Structural differences within the loop E motif imply alternative mechanisms of viroid processing

Authors: Owens, Robert; BAUMSTARK, T - UNIV OF SCIENCES PHILA PA

Submitted to: RNA
Publication Type: Peer Reviewed Journal
Publication Acceptance Date: 3/10/2007
Publication Date: 6/1/2007
Citation: Owens, R.A., Baumstark, T. 2007. Structural differences within the loop E motif imply alternative mechanisms of viroid processing. RNA. 13:824-834.

Interpretive Summary: Viroids are the smallest known agents of infectious disease – small, circular RNA molecules that lack the coat protein characteristic of most conventional viruses yet are able to multiply and cause disease in susceptible host plants. Small sequence changes in a small region of Potato spindle tuber viroid (PSTVd) known as the “loop E motif “ have been shown to have dramatic effects on symptom expression. We are trying to extend these results to Citrus viroid III (CVd-III), a distantly related viroid that can be used to dwarf citrus trees growing on certain rootstocks and thereby reduce production costs. This manuscript i) compares the structures of the loop E motif in these two viroids and ii) uses this information to gain new insights into the molecular biology of CVd-III replication and interaction with its hosts. The knowledge gained will be used to create more effective viroid dwarfing agents for citrus production, and this report will be of greatest interest to researchers interested in the molecular interactions between viroids or viruses and their plant hosts.
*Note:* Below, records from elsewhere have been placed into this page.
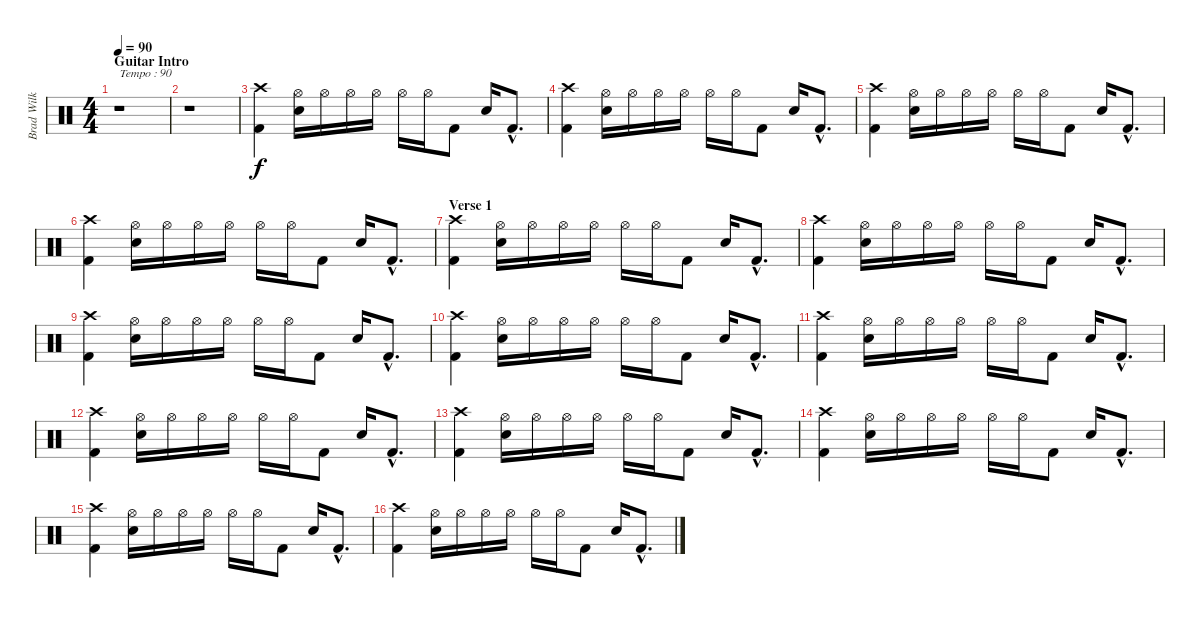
\track ("Brad Wilk / Drums" "Brad Wilk ") {instrument percussion}
\staff {score}
\articulation defaults
\ts (4 4)
\section ("" "Guitar Intro")
\tempo 90
\clef neutral
\ks c
r.1{txt "Tempo : 90" dy f} |
r.1 |
("Crash high (hit)" "Kick (hit) 2").4 ("Hi-Hat (open)" "Electric Snare (hit)").16 "Hi-Hat (open)".16 "Hi-Hat (open)".16 "Hi-Hat (open)".16 "Hi-Hat (open)".16 "Hi-Hat (open)".16 "Kick (hit) 2".8 "Electric Snare (hit)".16 "Kick (hit) 2"{hac}.8{d} |
("Crash high (hit)" "Kick (hit) 2").4 ("Hi-Hat (open)" "Electric Snare (hit)").16 "Hi-Hat (open)".16 "Hi-Hat (open)".16 "Hi-Hat (open)".16 "Hi-Hat (open)".16 "Hi-Hat (open)".16 "Kick (hit) 2".8 "Electric Snare (hit)".16 "Kick (hit) 2"{hac}.8{d} |
("Crash high (hit)" "Kick (hit) 2").4 ("Hi-Hat (open)" "Electric Snare (hit)").16 "Hi-Hat (open)".16 "Hi-Hat (open)".16 "Hi-Hat (open)".16 "Hi-Hat (open)".16 "Hi-Hat (open)".16 "Kick (hit) 2".8 "Electric Snare (hit)".16 "Kick (hit) 2"{hac}.8{d} |
("Crash high (hit)" "Kick (hit) 2").4 ("Hi-Hat (open)" "Electric Snare (hit)").16 "Hi-Hat (open)".16 "Hi-Hat (open)".16 "Hi-Hat (open)".16 "Hi-Hat (open)".16 "Hi-Hat (open)".16 "Kick (hit) 2".8 "Electric Snare (hit)".16 "Kick (hit) 2"{hac}.8{d} |
\section ("" "Verse 1")
("Crash high (hit)" "Kick (hit) 2").4 ("Hi-Hat (open)" "Electric Snare (hit)").16 "Hi-Hat (open)".16 "Hi-Hat (open)".16 "Hi-Hat (open)".16 "Hi-Hat (open)".16 "Hi-Hat (open)".16 "Kick (hit) 2".8 "Electric Snare (hit)".16 "Kick (hit) 2"{hac}.8{d} |
("Crash high (hit)" "Kick (hit) 2").4 ("Hi-Hat (open)" "Electric Snare (hit)").16 "Hi-Hat (open)".16 "Hi-Hat (open)".16 "Hi-Hat (open)".16 "Hi-Hat (open)".16 "Hi-Hat (open)".16 "Kick (hit) 2".8 "Electric Snare (hit)".16 "Kick (hit) 2"{hac}.8{d} |
("Crash high (hit)" "Kick (hit) 2").4 ("Hi-Hat (open)" "Electric Snare (hit)").16 "Hi-Hat (open)".16 "Hi-Hat (open)".16 "Hi-Hat (open)".16 "Hi-Hat (open)".16 "Hi-Hat (open)".16 "Kick (hit) 2".8 "Electric Snare (hit)".16 "Kick (hit) 2"{hac}.8{d} |
("Crash high (hit)" "Kick (hit) 2").4 ("Hi-Hat (open)" "Electric Snare (hit)").16 "Hi-Hat (open)".16 "Hi-Hat (open)".16 "Hi-Hat (open)".16 "Hi-Hat (open)".16 "Hi-Hat (open)".16 "Kick (hit) 2".8 "Electric Snare (hit)".16 "Kick (hit) 2"{hac}.8{d} |
("Crash high (hit)" "Kick (hit) 2").4 ("Hi-Hat (open)" "Electric Snare (hit)").16 "Hi-Hat (open)".16 "Hi-Hat (open)".16 "Hi-Hat (open)".16 "Hi-Hat (open)".16 "Hi-Hat (open)".16 "Kick (hit) 2".8 "Electric Snare (hit)".16 "Kick (hit) 2"{hac}.8{d} |
("Crash high (hit)" "Kick (hit) 2").4 ("Hi-Hat (open)" "Electric Snare (hit)").16 "Hi-Hat (open)".16 "Hi-Hat (open)".16 "Hi-Hat (open)".16 "Hi-Hat (open)".16 "Hi-Hat (open)".16 "Kick (hit) 2".8 "Electric Snare (hit)".16 "Kick (hit) 2"{hac}.8{d} |
("Crash high (hit)" "Kick (hit) 2").4 ("Hi-Hat (open)" "Electric Snare (hit)").16 "Hi-Hat (open)".16 "Hi-Hat (open)".16 "Hi-Hat (open)".16 "Hi-Hat (open)".16 "Hi-Hat (open)".16 "Kick (hit) 2".8 "Electric Snare (hit)".16 "Kick (hit) 2"{hac}.8{d} |
("Crash high (hit)" "Kick (hit) 2").4 ("Hi-Hat (open)" "Electric Snare (hit)").16 "Hi-Hat (open)".16 "Hi-Hat (open)".16 "Hi-Hat (open)".16 "Hi-Hat (open)".16 "Hi-Hat (open)".16 "Kick (hit) 2".8 "Electric Snare (hit)".16 "Kick (hit) 2"{hac}.8{d} |
("Crash high (hit)" "Kick (hit) 2").4 ("Hi-Hat (open)" "Electric Snare (hit)").16 "Hi-Hat (open)".16 "Hi-Hat (open)".16 "Hi-Hat (open)".16 "Hi-Hat (open)".16 "Hi-Hat (open)".16 "Kick (hit) 2".8 "Electric Snare (hit)".16 "Kick (hit) 2"{hac}.8{d} |
("Crash high (hit)" "Kick (hit) 2").4 ("Hi-Hat (open)" "Electric Snare (hit)").16 "Hi-Hat (open)".16 "Hi-Hat (open)".16 "Hi-Hat (open)".16 "Hi-Hat (open)".16 "Hi-Hat (open)".16 "Kick (hit) 2".8 "Electric Snare (hit)".16 "Kick (hit) 2"{hac}.8{d}

Technical Abstract: Viroids replicate via a rolling circle mechanism, and cleavage/ligation requires extensive rearrangement of the highly base-paired native structure. For Potato spindle tuber viroid (PSTVd), the switch from cleavage to ligation is driven by the change from a multi-branched tetraloop structure to a loop E conformation. Here we present evidence that processing of Citrus viroid III (CVd-III), a member of a related group of viroids that also replicate in the nucleus, may proceed via a distinct pathway. Chemical probing of PSTVd and CVd-III miniRNAs with DMS and CMCT revealed that the loop E motifs of these two viroids have quite different tertiary structures. As shown by temperature gradient gel electrophoresis, the presence of two likely Watson-Crick GC pairs results in a significant overall stabilization of the CVd-III loop E motif. Unlike PSTVd, the upper strand of the CVd-III loop E motif cannot fold into a GNRA tetraloop, and comparison of suboptimal structures indicates that the initial cleavage event could occur on the 5' side of the only GU wobble pair in a helix involving a nearby pair of inverted repeats. According to our model, rearrangement of 3'-sequences into a hairpin stem containing an identical arrangement of GC, GU, and CG base pairs and a second cleavage event is followed by formation of loop E, which serves to align the 5' and 3' termini of the CVd-III monomer prior to ligation. Because ligation would occur within loop E itself, stabilization of this motif may be needed to hold the 5' and 3' termini of CVd-III in position for the host ligase.